MATERIAL TO PROCESS:
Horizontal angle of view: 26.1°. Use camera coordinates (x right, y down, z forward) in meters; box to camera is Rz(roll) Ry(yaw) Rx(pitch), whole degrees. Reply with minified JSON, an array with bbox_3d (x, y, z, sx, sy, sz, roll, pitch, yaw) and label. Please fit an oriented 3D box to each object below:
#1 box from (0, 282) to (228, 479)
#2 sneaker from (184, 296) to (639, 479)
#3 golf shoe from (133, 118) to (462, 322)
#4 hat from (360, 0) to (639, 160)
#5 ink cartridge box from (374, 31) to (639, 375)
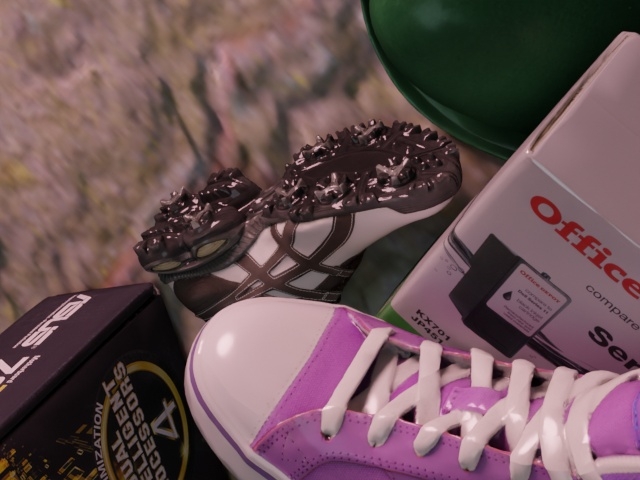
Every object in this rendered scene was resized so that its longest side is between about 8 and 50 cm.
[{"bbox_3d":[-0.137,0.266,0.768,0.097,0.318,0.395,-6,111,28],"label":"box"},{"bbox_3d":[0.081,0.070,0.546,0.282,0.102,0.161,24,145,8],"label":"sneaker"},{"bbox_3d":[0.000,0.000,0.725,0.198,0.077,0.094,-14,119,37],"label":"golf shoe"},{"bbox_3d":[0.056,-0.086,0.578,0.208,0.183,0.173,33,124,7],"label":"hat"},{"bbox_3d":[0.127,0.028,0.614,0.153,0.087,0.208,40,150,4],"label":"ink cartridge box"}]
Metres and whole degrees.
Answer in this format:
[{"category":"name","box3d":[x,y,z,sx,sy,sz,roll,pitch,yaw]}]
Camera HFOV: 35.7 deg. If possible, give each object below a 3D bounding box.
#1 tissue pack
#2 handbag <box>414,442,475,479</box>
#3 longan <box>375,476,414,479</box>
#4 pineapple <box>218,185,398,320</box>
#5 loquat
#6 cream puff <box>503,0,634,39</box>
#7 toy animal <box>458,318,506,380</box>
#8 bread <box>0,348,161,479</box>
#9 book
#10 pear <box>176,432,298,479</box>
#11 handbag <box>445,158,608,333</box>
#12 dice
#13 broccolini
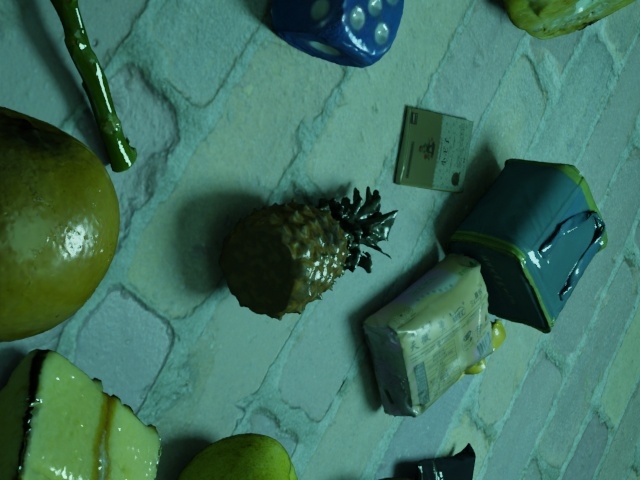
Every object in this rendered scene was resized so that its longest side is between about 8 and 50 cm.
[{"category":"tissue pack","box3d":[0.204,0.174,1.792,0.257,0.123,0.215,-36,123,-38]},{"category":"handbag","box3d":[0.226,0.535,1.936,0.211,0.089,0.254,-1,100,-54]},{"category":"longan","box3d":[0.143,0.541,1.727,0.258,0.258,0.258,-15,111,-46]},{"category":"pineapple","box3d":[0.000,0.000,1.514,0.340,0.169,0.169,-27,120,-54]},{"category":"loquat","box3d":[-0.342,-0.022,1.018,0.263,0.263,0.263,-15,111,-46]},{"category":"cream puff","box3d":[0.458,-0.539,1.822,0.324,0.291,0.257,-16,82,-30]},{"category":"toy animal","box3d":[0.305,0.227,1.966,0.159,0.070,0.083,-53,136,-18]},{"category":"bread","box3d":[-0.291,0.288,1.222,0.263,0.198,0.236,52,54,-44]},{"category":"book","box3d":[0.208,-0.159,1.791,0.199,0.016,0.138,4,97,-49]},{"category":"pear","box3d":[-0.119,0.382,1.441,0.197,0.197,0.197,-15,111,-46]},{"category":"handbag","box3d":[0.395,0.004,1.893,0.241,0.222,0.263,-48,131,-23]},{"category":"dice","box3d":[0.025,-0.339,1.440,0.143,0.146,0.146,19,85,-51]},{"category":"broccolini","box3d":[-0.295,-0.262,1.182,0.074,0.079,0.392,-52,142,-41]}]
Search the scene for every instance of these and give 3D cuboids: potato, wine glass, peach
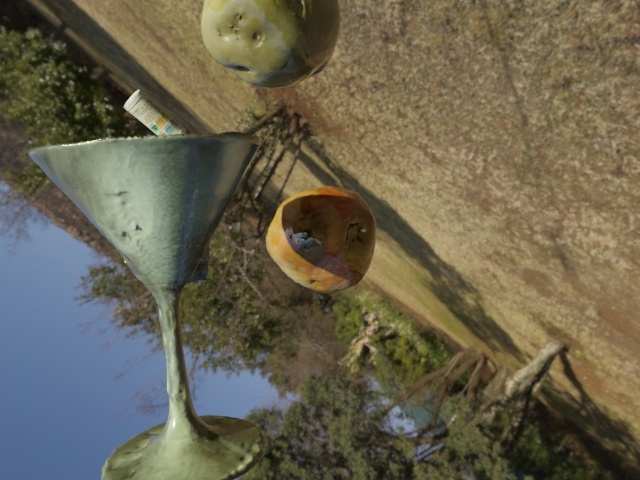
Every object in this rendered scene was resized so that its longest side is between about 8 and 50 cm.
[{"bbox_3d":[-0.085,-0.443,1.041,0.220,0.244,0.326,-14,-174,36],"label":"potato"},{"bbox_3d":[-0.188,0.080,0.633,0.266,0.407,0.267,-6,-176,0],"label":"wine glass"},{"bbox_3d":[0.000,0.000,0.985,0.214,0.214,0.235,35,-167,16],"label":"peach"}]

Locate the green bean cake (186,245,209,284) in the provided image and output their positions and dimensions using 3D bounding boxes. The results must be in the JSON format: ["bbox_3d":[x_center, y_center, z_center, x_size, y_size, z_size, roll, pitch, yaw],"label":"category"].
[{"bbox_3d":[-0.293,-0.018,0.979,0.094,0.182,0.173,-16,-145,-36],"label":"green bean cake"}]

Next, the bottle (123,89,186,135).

WHAT YOU HAVE TO DO:
Scan the records above for the lines holding "Camera HFOV: 35.7" and "#13 broccolini". Transcribe those two and every line between them word for word, and no others.

SOLUTION FOR THIS PROBLEM:
Camera HFOV: 35.7 deg. If possible, give each object below a 3D bounding box.
#1 tissue pack
#2 handbag <box>414,442,475,479</box>
#3 longan <box>375,476,414,479</box>
#4 pineapple <box>218,185,398,320</box>
#5 loquat
#6 cream puff <box>503,0,634,39</box>
#7 toy animal <box>458,318,506,380</box>
#8 bread <box>0,348,161,479</box>
#9 book
#10 pear <box>176,432,298,479</box>
#11 handbag <box>445,158,608,333</box>
#12 dice
#13 broccolini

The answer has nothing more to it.